Your task:
Check the material that follows and say how many lines include the string "axes", giving the number alone.
========================
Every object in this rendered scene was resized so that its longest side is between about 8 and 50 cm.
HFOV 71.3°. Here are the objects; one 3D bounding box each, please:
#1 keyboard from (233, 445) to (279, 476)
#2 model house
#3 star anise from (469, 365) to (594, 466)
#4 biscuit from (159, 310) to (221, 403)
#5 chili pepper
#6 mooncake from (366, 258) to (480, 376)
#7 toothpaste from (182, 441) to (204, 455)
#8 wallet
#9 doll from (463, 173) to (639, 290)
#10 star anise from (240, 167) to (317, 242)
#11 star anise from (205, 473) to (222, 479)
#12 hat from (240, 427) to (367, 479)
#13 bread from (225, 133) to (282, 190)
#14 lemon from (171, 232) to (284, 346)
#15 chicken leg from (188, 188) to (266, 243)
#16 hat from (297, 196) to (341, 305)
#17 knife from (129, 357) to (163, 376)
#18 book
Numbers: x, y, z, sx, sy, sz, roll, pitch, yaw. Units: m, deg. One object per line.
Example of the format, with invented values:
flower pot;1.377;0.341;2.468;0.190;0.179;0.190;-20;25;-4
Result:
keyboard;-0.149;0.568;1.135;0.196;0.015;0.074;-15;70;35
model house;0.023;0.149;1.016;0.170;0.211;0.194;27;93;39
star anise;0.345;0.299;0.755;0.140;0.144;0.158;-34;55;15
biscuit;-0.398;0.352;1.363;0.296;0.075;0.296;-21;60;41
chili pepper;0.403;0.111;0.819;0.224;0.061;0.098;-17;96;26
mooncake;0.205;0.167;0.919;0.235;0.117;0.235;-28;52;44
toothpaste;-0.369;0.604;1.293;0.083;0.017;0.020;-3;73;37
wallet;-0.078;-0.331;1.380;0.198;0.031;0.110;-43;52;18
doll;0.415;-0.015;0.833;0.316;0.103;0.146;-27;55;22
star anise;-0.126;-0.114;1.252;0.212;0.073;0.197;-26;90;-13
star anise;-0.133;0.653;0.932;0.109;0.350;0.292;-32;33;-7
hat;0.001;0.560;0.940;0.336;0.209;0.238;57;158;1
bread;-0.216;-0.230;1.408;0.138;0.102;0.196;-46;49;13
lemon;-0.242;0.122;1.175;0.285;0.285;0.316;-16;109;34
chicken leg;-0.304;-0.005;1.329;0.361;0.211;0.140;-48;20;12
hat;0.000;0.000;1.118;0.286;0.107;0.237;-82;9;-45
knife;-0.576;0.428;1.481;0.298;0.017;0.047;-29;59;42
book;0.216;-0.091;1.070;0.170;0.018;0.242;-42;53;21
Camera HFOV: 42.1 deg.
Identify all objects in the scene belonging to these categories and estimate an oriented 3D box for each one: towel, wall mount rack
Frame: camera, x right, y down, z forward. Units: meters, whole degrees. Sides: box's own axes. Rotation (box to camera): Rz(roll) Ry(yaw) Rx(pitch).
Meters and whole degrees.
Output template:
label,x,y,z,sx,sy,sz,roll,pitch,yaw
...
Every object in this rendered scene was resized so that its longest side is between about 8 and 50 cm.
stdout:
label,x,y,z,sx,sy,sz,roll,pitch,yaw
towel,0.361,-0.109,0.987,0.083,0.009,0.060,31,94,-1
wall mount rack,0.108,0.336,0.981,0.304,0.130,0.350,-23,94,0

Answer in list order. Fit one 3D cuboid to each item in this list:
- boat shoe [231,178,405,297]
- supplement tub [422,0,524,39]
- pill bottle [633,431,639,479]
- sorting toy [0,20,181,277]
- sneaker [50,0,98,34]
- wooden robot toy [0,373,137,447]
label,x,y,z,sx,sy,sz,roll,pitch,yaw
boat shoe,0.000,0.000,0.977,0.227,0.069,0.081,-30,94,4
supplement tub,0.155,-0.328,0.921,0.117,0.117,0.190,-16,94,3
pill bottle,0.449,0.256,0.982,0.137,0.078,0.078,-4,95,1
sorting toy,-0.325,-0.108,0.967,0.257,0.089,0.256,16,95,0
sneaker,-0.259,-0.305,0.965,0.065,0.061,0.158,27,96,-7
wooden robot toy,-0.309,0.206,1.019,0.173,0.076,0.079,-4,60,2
========================
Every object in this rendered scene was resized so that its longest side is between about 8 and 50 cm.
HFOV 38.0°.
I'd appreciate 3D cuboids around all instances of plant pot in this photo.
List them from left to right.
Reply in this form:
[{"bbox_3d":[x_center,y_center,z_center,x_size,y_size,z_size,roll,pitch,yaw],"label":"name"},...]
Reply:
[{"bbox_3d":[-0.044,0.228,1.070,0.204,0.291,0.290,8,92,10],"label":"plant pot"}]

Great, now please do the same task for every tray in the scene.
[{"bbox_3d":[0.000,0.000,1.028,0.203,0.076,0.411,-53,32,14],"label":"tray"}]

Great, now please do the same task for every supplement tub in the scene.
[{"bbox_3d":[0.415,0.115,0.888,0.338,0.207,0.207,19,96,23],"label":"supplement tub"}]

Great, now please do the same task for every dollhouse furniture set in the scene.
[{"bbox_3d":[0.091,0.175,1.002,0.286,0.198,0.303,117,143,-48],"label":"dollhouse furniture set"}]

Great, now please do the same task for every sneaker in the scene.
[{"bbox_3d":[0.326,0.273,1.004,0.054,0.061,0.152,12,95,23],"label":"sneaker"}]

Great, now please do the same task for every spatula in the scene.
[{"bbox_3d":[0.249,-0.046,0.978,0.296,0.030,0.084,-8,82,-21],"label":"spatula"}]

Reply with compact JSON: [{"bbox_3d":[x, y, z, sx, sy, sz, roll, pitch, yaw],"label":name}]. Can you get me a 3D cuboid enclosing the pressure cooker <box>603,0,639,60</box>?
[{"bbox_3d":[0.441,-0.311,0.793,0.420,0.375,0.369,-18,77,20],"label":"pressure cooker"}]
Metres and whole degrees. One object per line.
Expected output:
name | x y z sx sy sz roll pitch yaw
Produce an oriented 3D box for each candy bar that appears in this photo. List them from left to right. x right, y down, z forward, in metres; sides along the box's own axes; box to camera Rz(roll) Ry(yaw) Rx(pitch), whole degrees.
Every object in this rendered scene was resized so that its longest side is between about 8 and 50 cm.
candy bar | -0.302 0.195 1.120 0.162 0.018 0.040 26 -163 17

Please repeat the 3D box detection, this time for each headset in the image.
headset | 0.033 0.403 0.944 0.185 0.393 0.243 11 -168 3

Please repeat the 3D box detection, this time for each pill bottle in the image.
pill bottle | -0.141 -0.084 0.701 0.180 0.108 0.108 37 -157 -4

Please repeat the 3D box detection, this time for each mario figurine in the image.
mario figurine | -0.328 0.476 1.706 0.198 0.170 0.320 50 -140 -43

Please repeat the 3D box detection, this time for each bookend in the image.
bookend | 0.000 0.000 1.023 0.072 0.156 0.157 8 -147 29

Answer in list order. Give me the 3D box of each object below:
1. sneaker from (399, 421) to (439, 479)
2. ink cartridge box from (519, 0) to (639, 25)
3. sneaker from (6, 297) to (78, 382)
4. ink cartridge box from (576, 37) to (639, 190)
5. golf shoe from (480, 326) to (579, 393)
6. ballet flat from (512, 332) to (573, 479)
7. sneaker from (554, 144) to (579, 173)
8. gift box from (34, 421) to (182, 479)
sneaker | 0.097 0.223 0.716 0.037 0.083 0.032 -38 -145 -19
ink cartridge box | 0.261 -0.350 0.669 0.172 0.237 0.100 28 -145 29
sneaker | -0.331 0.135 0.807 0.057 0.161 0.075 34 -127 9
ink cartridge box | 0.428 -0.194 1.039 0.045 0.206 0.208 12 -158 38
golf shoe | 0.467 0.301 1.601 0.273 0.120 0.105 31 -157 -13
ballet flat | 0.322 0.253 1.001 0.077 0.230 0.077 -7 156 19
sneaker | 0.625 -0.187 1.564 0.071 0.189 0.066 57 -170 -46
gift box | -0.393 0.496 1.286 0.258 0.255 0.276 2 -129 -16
========================
Solution:
2